Most of the user space processes are ending up in D-state after the unit runs for around 3-4 days, the unit is running on ARM processor. From the top o/p we can see that processes that are in D-state are waiting on system calls "page_fault" and "squashfs_readpage". Utimately this leads to a watchdog reset. The processes that go into D-sate would take unusually long time to recover.

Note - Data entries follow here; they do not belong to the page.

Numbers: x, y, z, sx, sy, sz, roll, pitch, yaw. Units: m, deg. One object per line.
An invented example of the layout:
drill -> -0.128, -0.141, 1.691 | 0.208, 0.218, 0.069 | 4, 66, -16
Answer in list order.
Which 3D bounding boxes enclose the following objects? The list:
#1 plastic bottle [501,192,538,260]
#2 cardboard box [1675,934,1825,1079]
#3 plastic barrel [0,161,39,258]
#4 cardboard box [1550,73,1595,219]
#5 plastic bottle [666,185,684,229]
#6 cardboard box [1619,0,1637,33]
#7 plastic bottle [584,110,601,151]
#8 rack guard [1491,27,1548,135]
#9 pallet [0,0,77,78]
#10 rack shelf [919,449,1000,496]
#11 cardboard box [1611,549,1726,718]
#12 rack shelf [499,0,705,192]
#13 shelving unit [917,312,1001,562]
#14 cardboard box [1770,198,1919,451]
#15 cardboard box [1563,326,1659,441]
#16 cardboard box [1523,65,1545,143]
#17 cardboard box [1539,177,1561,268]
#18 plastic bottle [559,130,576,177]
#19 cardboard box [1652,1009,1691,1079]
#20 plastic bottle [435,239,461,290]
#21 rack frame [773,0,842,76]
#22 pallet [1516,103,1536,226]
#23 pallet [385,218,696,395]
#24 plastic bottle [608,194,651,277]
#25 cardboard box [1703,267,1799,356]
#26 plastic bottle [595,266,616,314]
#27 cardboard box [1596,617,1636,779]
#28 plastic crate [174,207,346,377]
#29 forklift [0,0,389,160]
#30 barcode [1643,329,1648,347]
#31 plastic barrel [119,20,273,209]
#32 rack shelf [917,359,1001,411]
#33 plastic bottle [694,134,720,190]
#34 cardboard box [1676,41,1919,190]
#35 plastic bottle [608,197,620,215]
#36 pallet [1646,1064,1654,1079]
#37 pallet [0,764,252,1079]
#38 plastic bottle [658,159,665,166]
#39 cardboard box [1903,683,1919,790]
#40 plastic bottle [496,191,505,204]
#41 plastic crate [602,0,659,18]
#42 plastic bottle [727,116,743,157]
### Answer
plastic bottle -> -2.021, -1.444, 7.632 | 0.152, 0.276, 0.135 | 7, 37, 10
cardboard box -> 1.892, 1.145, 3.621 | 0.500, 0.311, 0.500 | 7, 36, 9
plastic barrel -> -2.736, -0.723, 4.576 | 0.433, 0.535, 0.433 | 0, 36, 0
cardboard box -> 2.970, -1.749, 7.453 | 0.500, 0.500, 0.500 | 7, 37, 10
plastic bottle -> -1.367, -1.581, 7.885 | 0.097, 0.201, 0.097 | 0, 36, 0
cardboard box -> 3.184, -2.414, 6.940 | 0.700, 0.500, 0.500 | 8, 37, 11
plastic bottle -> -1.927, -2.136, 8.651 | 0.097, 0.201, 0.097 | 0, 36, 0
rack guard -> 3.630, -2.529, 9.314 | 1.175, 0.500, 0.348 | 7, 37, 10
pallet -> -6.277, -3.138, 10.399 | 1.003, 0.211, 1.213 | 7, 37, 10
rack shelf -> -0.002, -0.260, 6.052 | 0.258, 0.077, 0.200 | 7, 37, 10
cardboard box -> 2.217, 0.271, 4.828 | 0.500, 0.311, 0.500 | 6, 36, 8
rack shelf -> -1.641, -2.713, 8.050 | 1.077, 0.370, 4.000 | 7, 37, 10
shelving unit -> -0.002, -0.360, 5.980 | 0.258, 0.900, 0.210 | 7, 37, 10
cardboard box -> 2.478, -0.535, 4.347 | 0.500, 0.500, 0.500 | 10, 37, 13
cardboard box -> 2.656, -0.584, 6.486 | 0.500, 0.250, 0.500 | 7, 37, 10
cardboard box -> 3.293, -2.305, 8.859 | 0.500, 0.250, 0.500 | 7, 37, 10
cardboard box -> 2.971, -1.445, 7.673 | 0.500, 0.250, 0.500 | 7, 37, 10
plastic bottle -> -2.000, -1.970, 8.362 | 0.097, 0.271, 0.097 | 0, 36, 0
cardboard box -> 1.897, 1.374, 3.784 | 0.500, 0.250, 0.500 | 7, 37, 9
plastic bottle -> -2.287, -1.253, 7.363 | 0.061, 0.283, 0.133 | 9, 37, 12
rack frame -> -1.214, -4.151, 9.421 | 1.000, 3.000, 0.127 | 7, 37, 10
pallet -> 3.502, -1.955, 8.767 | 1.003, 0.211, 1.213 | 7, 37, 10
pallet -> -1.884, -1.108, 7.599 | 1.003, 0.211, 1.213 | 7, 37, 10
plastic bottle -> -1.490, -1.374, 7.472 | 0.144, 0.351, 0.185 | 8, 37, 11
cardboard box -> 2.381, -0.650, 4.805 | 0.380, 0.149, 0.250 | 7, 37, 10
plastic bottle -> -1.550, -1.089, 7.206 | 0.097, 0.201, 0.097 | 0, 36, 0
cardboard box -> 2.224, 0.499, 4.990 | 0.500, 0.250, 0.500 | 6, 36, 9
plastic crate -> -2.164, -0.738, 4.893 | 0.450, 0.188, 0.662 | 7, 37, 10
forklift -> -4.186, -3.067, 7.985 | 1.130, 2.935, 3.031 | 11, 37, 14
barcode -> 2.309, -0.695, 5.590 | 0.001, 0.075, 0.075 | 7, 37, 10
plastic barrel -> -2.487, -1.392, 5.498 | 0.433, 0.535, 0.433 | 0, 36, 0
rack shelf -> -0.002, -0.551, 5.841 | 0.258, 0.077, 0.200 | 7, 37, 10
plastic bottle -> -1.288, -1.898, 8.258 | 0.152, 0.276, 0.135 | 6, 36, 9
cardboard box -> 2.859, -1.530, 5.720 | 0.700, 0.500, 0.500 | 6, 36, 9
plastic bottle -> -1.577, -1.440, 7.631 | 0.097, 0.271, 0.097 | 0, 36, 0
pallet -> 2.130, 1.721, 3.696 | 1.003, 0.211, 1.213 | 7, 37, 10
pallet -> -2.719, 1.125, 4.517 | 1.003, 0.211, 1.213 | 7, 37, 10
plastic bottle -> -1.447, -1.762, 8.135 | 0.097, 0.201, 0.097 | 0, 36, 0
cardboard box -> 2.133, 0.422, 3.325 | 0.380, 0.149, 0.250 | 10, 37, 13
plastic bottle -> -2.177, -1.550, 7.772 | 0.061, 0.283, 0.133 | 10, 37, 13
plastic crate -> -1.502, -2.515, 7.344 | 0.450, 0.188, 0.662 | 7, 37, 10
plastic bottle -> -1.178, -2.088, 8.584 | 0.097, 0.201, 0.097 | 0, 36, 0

Following is the top o/p when the system ends up in trouble:
top - 12:00:11 up 3 days, 2:40, 3 users, load average: 2.77, 1.90, 1.72
Tasks: 250 total, 3 running, 238 sleeping, 0 stopped, 9 zombie
Cpu(s): 10.0% us, 75.5% sy, 0.0% ni, 0.0% id, 10.3% wa, 0.0% hi, 4.2% si
Mem: 191324k total, 188896k used, 2428k free, 2548k buffers
Swap: 0k total, 0k used, 0k free, 87920k cached
PID USER PR NI VIRT RES SHR S %CPU %MEM TIME+ COMMAND
1003 root 20 0 225m 31m 4044 S 15.2 16.7 0:21.91 user_process_1
3745 root 20 0 80776 9476 3196 **D** 9.0 5.0 1:31.79 user_process_2
129 root 15 -5 0 0 0 S 7.4 0.0 0:27.65 **mtdblockd**
4624 root 20 0 3640 256 160 **D** 6.5 0.1 0:00.20 GetCounters_cus
3 root 15 -5 0 0 0 S 3.2 0.0 43:38.73 ksoftirqd/0
31363 root 20 0 2356 1176 792 R 2.6 0.6 40:09.58 top
347 root 30 10 0 0 0 S 1.9 0.0 28:56.04 **jffs2_gcd_mtd3**
1169 root 20 0 225m 31m 4044 S 1.9 16.7 39:31.36 user_process_1
604 root 20 0 0 0 0 S 1.6 0.0 27:22.76 user_process_3
1069 root -23 0 225m 31m 4044 S 1.3 16.7 20:45.39 user_process_1
4545 root 20 0 3640 564 468 S 1.0 0.3 0:00.08 GetCounters_cus
64 root 15 -5 0 0 0 **D** 0.3 0.0 0:00.83 **kswapd0**
969 root 20 0 20780 1856 1376 S 0.3 1.0 14:18.89 user_process_4
973 root 20 0 225m 31m 4044 S 0.3 16.7 3:35.74 user_process_1
1070 root -23 0 225m 31m 4044 S 0.3 16.7 16:41.04 user_process_1
1151 root -81 0 225m 31m 4044 S 0.3 16.7 23:13.05 user_process_1
1152 root -99 0 225m 31m 4044 S 0.3 16.7 8:48.47 user_process_1
One more interesting observation is that when the system lands up in this problem, we can consistently see "mtdblockd" process running in the top o/p. We have swap disabled on this unit. there is no apparent memory leak in the unit.
Any idea what could be the possible reasons, the processes are stuck in D-sates?